Strings to Document - Title in full text

There is a problem with the injection of title in full text when creating a document from strings.
The preprocessing and transformation nodes often act on the full text.

Examples:

- Number filter will remove the title if the title is numbers.

- Bag of Words Creator will have the title as a term. If you choose to not have a title, the Strings to Document will insert Row ID (Row0 and so on) as title and you will have Row as term.

If you look at the Sentiment Classification example (08_Other_Analytics_Types/01_Text_Processing/03_Sentiment_Classification) and run it as is, you will have no titles from the Strings to Documents node (even if it is activated), and you will have a nice roc-curve with a score at 0.94.
If you then open the configuration of the Strings to Documents and deactivate the "Use title from column", and directly activate it again, you will have, after running the workflow, a roc-curve with a score of 1.0. This because now the model is trained on the document classification and it will always be correct.

Is the title injection in the full text correct or is it a bug/not so good feature?

By the way, I'm running Knime v3.4.1.

Best regards,

Max

Hi Max,

the title is part of the full text.
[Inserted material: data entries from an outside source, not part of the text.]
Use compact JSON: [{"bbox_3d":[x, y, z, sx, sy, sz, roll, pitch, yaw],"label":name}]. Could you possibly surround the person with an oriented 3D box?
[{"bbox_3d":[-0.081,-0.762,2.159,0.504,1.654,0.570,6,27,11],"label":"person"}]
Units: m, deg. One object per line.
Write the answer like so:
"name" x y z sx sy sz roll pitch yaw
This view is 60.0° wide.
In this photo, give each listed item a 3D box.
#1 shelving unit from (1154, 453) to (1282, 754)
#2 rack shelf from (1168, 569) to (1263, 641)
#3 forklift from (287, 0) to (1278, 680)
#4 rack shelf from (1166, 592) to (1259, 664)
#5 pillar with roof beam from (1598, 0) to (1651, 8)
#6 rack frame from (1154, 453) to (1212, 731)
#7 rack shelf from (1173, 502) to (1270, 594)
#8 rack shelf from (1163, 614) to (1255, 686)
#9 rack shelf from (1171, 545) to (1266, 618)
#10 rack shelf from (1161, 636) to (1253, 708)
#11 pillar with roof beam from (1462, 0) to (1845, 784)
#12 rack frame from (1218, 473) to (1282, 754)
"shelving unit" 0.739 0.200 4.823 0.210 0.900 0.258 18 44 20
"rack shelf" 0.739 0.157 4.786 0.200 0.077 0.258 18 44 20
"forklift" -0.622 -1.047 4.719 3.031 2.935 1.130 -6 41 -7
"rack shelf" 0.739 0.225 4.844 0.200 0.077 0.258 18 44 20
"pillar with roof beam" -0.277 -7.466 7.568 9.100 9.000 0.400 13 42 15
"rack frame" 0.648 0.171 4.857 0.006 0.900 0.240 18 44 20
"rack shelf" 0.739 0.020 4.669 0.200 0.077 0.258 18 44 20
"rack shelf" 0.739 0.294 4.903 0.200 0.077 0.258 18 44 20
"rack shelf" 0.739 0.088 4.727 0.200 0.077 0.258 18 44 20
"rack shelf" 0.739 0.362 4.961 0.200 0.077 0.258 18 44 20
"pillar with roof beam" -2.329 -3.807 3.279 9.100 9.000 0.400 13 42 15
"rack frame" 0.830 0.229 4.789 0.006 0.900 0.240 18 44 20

This is fully intentional. Having RowIds as titles and thus as part of the full text is not a good idea. Especially if you create document vectors for classification. In the next release (6th Dec. 2017) we will release a new feature for the Strings to Document node that allows to create document with empty title. You will then have the choice of using a column, the RowId or an empty string as title. This will solve the problem that if you have no column to use for title but don't want to use the RowId as well.

Cheers, Kilian

Thanks a lot!

Looking forward for this release. It will make it less problematic when working with sentiment analysis. You don't have to track what data you injected in the training data...

Thank you for a versatile application!

Max

 

This topic was automatically closed 90 days after the last reply. New replies are no longer allowed.